The swamp was too quiet. Even after we put down the fledgling, the air still stank of rot and wrongness. I'd hunted long enough to know when something wasn't finished.

Caleb felt it too. He kept looking over his shoulder, hand never far from the revolver I carved for him. "You're telling me that was it? One baby bloodsucker hiding in the mud?"

I shook my head. "No. Fledglings don't leave claw marks that deep." I pointed to the mud where long gouges scored the earth, crooked and uneven. "That's ghoul work. And if there's one, there's a nest."

Caleb frowned. "Wait—ghoul? As in… grave-eater? That's real too?"

"Real enough. A vampire's leftovers. They dig up corpses to chew on. When their sire dies, they go feral. And the bastard who made our fledgling clearly left some pets behind."

He gave a nervous laugh, though his grip on the revolver tightened. "Great. First vampire, now zombies."

"Not zombies." I checked the edge on my blade, the runes etched deep into the steel catching the morning light. "Smarter. Faster. Hungrier. Stay sharp."

The ground shifted before I finished the sentence. Fingers—pale, rotted—shot up through the mud, clawing for daylight. Then another set. And another.

Caleb swore. "Uh… how many are we talking?"

"Enough."

The first ghoul tore itself free, jaw unhinging wider than human, teeth snapping. Caleb fired before it reached him. The rune-marked bullet punched through its chest. Instead of blood, the wound glowed—smoke curling out as the ghoul shrieked, body convulsing before collapsing into the muck.

Caleb stared at his revolver in shock. "Holy hell."

"Not holy," I corrected, shoving my blade through a second ghoul's skull.

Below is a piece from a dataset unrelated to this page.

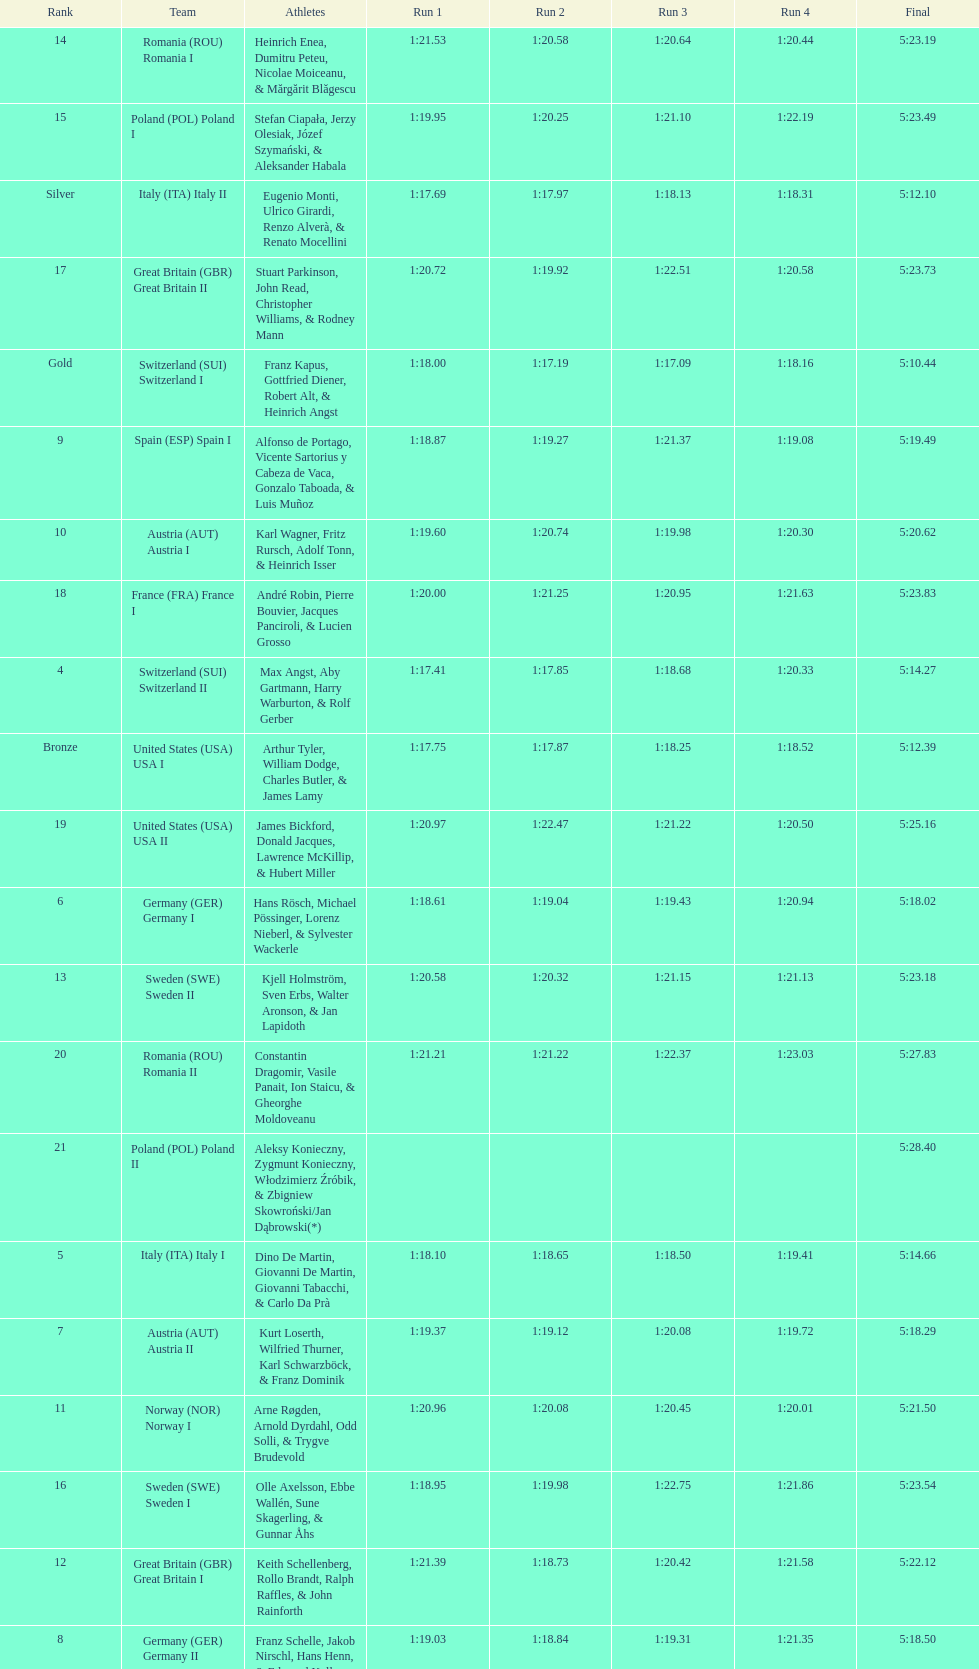How many teams did germany have? 2. 
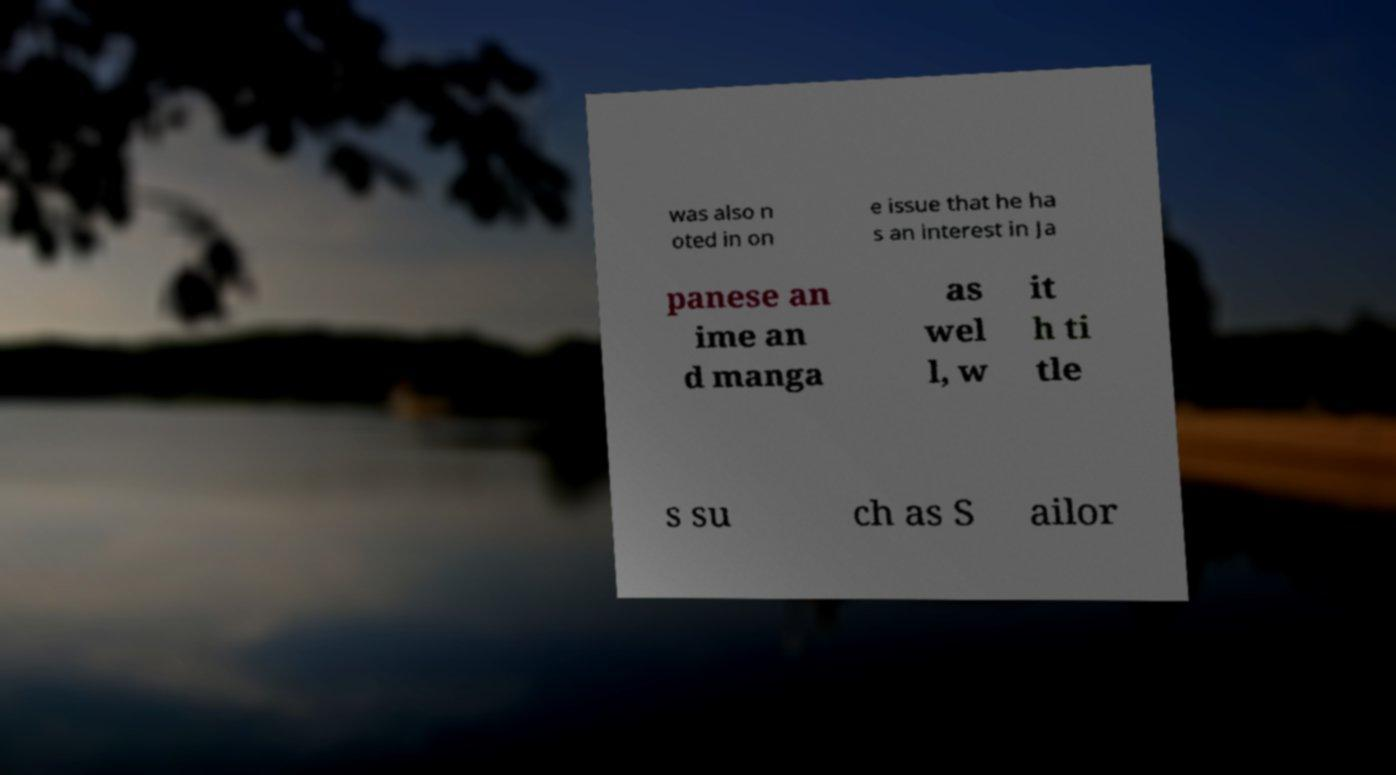Please read and relay the text visible in this image. What does it say? was also n oted in on e issue that he ha s an interest in Ja panese an ime an d manga as wel l, w it h ti tle s su ch as S ailor

The runes along the steel lit up, sizzling the creature from the inside. It spasmed, black smoke pouring out of its eyes and mouth before dropping limp. "Runes. They don't just kill. They cleanse."

A third ghoul lunged at Caleb from behind. I barked, "Move!" and he rolled, faster than he had any right to. The charm around his neck glowed faintly, and he scrambled back to his feet with surprising speed. His second shot blew the creature's leg off, burning the flesh until nothing but ash remained.

He looked at me, wide-eyed, adrenaline buzzing in his veins. "I… I'm faster. Stronger. I felt it."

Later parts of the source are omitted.